The most important difference was that after the change the courses were much shorter and contained at least three educational activities each week, i.e. a lecture, a group meeting and a practical session. This reduced considerably both the spacing of these educational activities and the opportunity to spread self-study. Both the shorter intervals between educational activities and the reduced distribution of self-study led to more massed practice, or what Seabrook et al. (2005) have called clustered presentations of subject matter. Massed practice is defined as studying subject matter uninterruptedly or with only short breaks, in a brief time interval (e.g., Bahrick and Hall 2005). Students following the course after the curriculum change will be referred to as students in the massed practice condition.

Beneficial effects of distributed practice in comparison to massed practice, i.e. the spacing effects, were found in research that at first predominantly was done in the laboratory and usually was focused at memorising lists of items with intervals in terms of minutes or hours (Glenberg 1979; Melton 1970). In subsequent work the positive effect of distributed practice was also established in authentic educational settings (Seabrook et al. 2005) and much longer time intervals (Bahrick and Hall 2005; Bahrick and Phelps 1987). Bahrick and Hall explain the spacing effect with students’ metacognitive monitoring. That is, when study activities are spaced in time, students will notice that they have forgotten some of the material in the intervening period. When they experience such retrieval failures, they will be inclined to use encoding methods that will lead to better retention. They may also select and plan study strategies that will lead to less forgetting (Benjamin and Bird 2006).

Based on this research concerning the distribution of practice it was expected that the massed practice that resulted from the curriculum change, would have a detrimental effect on the development of students’ conceptual understanding of the subject matter. The research question of the study was: will the reduction of distributed practice lead to less conceptual understanding of the subject matter of an introductory statistics course.

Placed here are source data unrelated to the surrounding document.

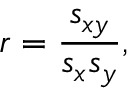Convert formula to latex. <formula><loc_0><loc_0><loc_500><loc_500>r = \frac { s _ { x y } } { s _ { x } s _ { y } } ,</formula> 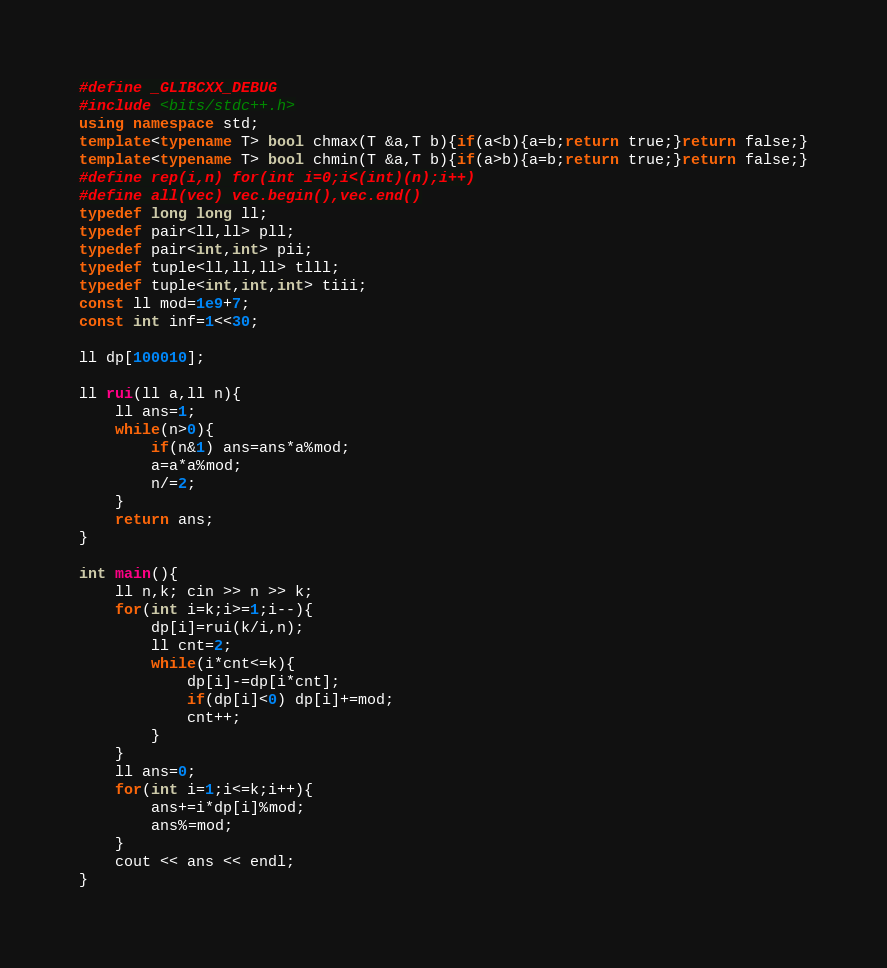<code> <loc_0><loc_0><loc_500><loc_500><_C++_>#define _GLIBCXX_DEBUG
#include <bits/stdc++.h>
using namespace std;
template<typename T> bool chmax(T &a,T b){if(a<b){a=b;return true;}return false;}
template<typename T> bool chmin(T &a,T b){if(a>b){a=b;return true;}return false;}
#define rep(i,n) for(int i=0;i<(int)(n);i++)
#define all(vec) vec.begin(),vec.end()
typedef long long ll;
typedef pair<ll,ll> pll;
typedef pair<int,int> pii;
typedef tuple<ll,ll,ll> tlll;
typedef tuple<int,int,int> tiii;
const ll mod=1e9+7;
const int inf=1<<30;

ll dp[100010];

ll rui(ll a,ll n){
	ll ans=1;
	while(n>0){
		if(n&1) ans=ans*a%mod;
		a=a*a%mod;
		n/=2;
	}
	return ans;
}

int main(){
	ll n,k; cin >> n >> k;
	for(int i=k;i>=1;i--){
		dp[i]=rui(k/i,n);
		ll cnt=2;
		while(i*cnt<=k){
			dp[i]-=dp[i*cnt];
			if(dp[i]<0) dp[i]+=mod;
			cnt++;
		}
	}
	ll ans=0;
	for(int i=1;i<=k;i++){
		ans+=i*dp[i]%mod;
		ans%=mod;
	}
	cout << ans << endl;
}</code> 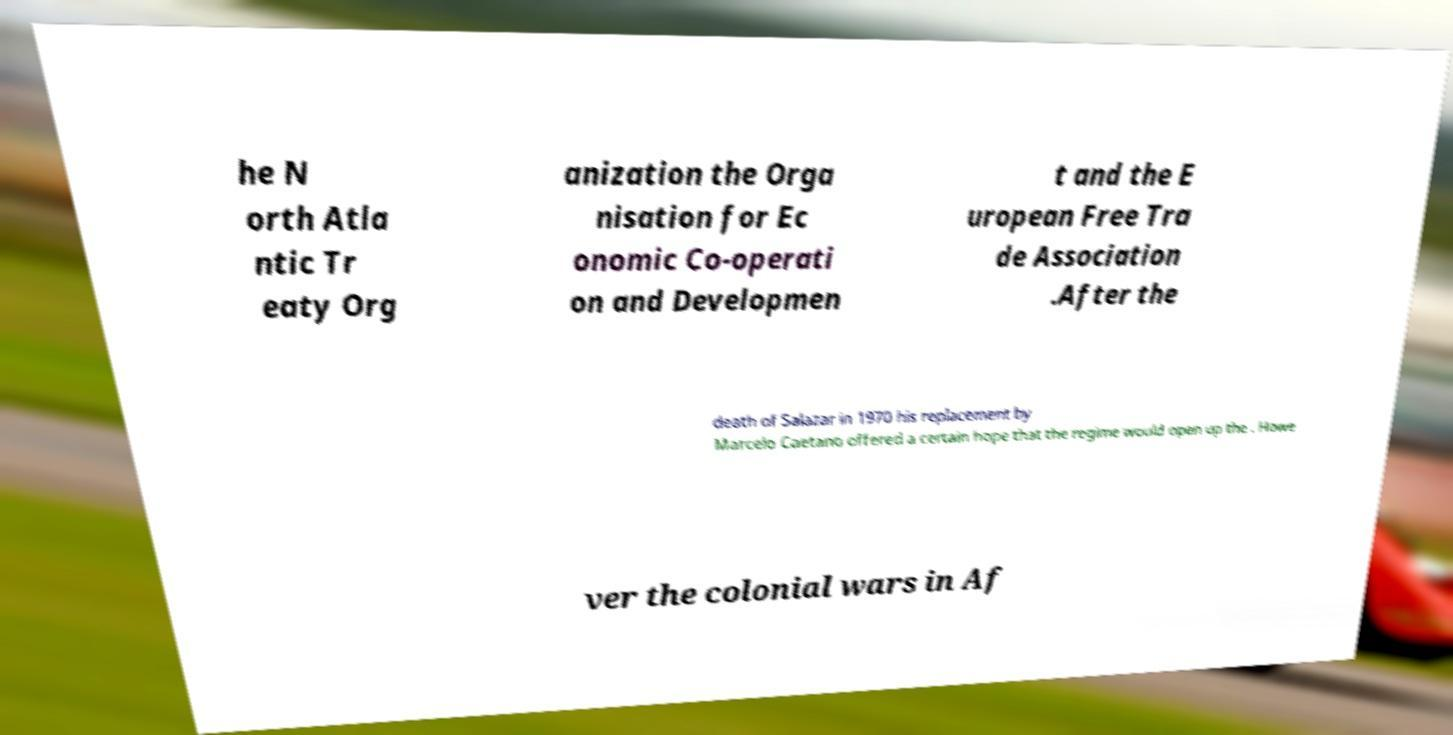Can you read and provide the text displayed in the image?This photo seems to have some interesting text. Can you extract and type it out for me? he N orth Atla ntic Tr eaty Org anization the Orga nisation for Ec onomic Co-operati on and Developmen t and the E uropean Free Tra de Association .After the death of Salazar in 1970 his replacement by Marcelo Caetano offered a certain hope that the regime would open up the . Howe ver the colonial wars in Af 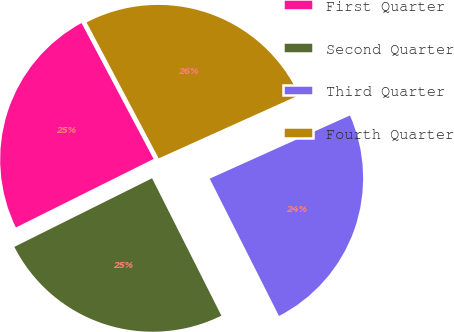Convert chart to OTSL. <chart><loc_0><loc_0><loc_500><loc_500><pie_chart><fcel>First Quarter<fcel>Second Quarter<fcel>Third Quarter<fcel>Fourth Quarter<nl><fcel>24.59%<fcel>25.08%<fcel>24.3%<fcel>26.02%<nl></chart> 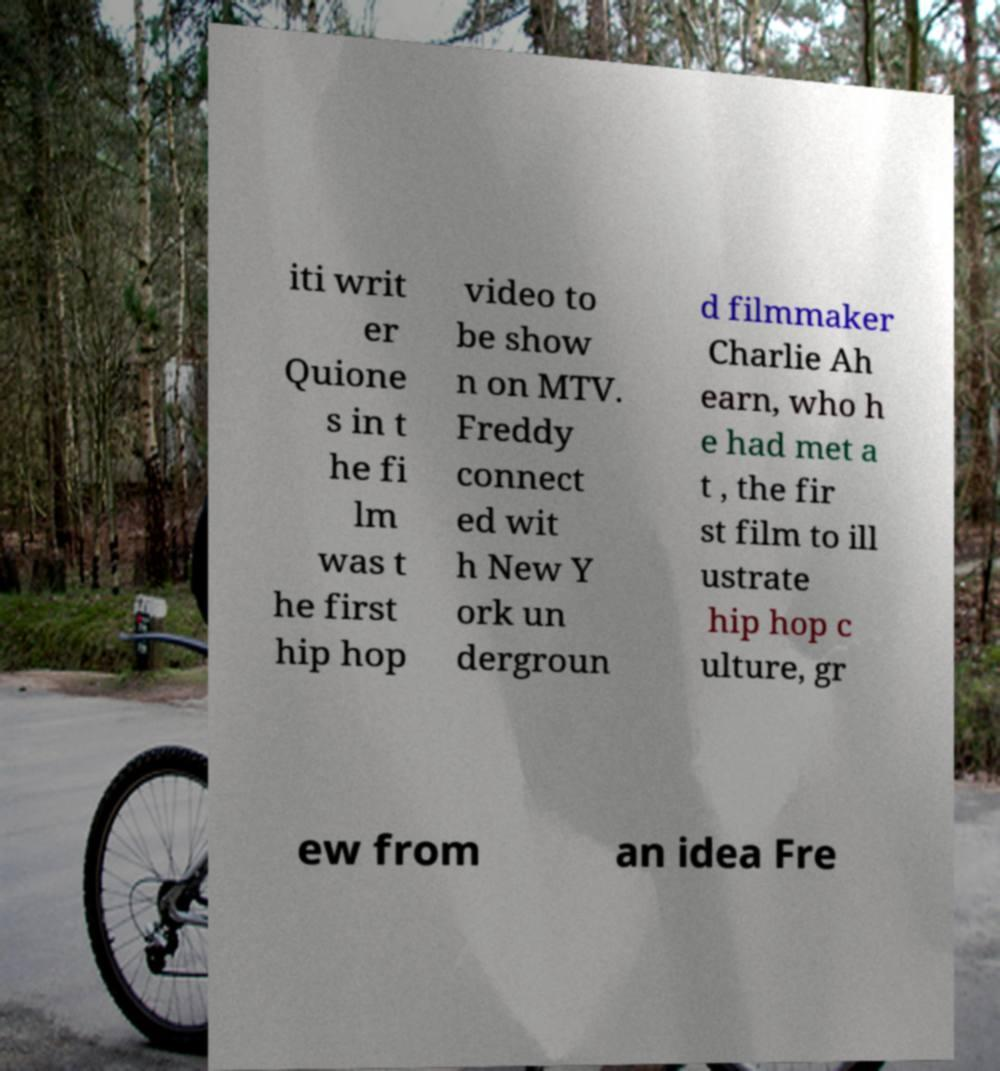I need the written content from this picture converted into text. Can you do that? iti writ er Quione s in t he fi lm was t he first hip hop video to be show n on MTV. Freddy connect ed wit h New Y ork un dergroun d filmmaker Charlie Ah earn, who h e had met a t , the fir st film to ill ustrate hip hop c ulture, gr ew from an idea Fre 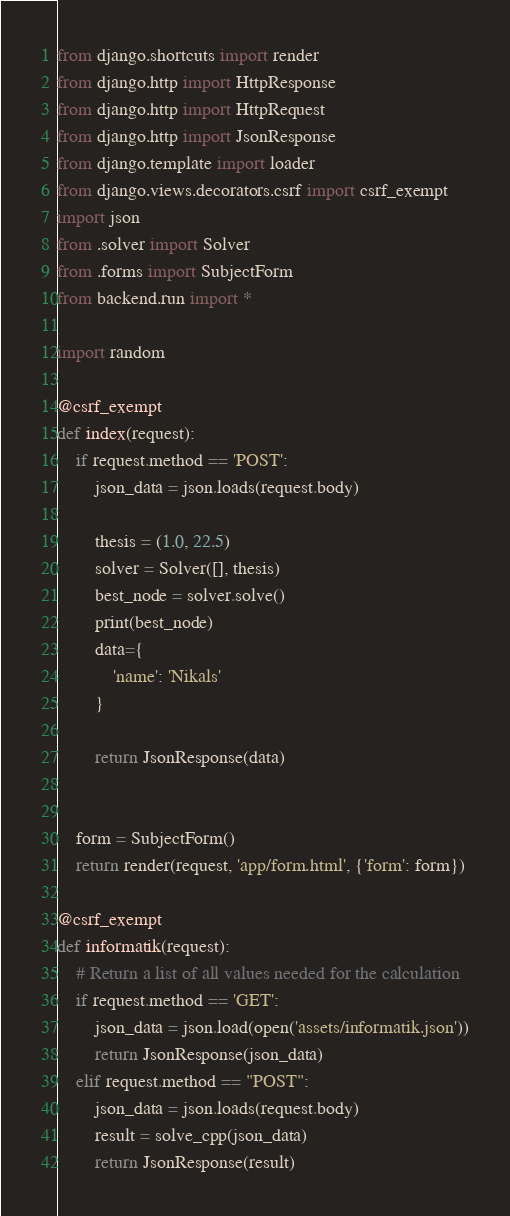Convert code to text. <code><loc_0><loc_0><loc_500><loc_500><_Python_>from django.shortcuts import render
from django.http import HttpResponse
from django.http import HttpRequest
from django.http import JsonResponse
from django.template import loader
from django.views.decorators.csrf import csrf_exempt
import json
from .solver import Solver
from .forms import SubjectForm
from backend.run import *

import random

@csrf_exempt
def index(request):
    if request.method == 'POST':
        json_data = json.loads(request.body)
        
        thesis = (1.0, 22.5)
        solver = Solver([], thesis)
        best_node = solver.solve()
        print(best_node)
        data={
            'name': 'Nikals'
        }

        return JsonResponse(data)


    form = SubjectForm()
    return render(request, 'app/form.html', {'form': form})

@csrf_exempt
def informatik(request):
    # Return a list of all values needed for the calculation
    if request.method == 'GET':
        json_data = json.load(open('assets/informatik.json'))
        return JsonResponse(json_data)
    elif request.method == "POST":
        json_data = json.loads(request.body)
        result = solve_cpp(json_data)
        return JsonResponse(result)</code>

This question led to three hypotheses:

  1. 1.

    Distributed practice will lead to better conceptual understanding compared to massed practice.

  2. 2.

    Conceptual understanding will in both conditions be better after the course than during the course. Students are expected to refine their knowledge structures during the course, because the subject matter is repeatedly dealt with in the course. Therefore, it is expected that in both the distributed practice condition as in the massed practice condition the knowledge structures will be more coherent, and error free at the end of the course.

  3. 3.

    The difference in conceptual understanding of the students in the distributed practice condition and the massed practice condition will be larger after the courses than during the courses. The effect of distributed practice will be the larger at the end of the course, because students will have had the largest amount of practice then. Thus, there will be an interaction between the kind of practice and the time factor.



Data were collected from independent samples of students in the population cohorts before (Condition 6months) and after the curriculum change (Condition 8weeks). All students were tested with the same open ended questions to measure conceptual understanding. This enabled a straightforward comparison between the conditions. The questions were directed at statistical hypothesis testing theory. Measurements were taken at two time points in both conditions: one group of students was measured during the course and another group directly after the course. The measurement during the course was immediately after the subject hypothesis testing was dealt with in the courses. It should be noted that recall and memory effects were controlled by independent sampling and random assignment of the students to different samples at the two time points in both conditions. This allowed the comparison of four independent groups of students with respect to their conceptual understanding of statistical hypothesis testing theory.

It was expected that students in the Condition 6months would do better on the open ended questions, thus showing better conceptual understanding. We also wanted to know whether this understanding would be relatively stable over a longer period. Therefore, we measured with the same open ended questions conceptual understanding of a fifth group of students from the Condition 6months, half a year after the course was concluded. For practical reasons it was not possible to do a comparable long term measurement for students in the Condition 8weeks.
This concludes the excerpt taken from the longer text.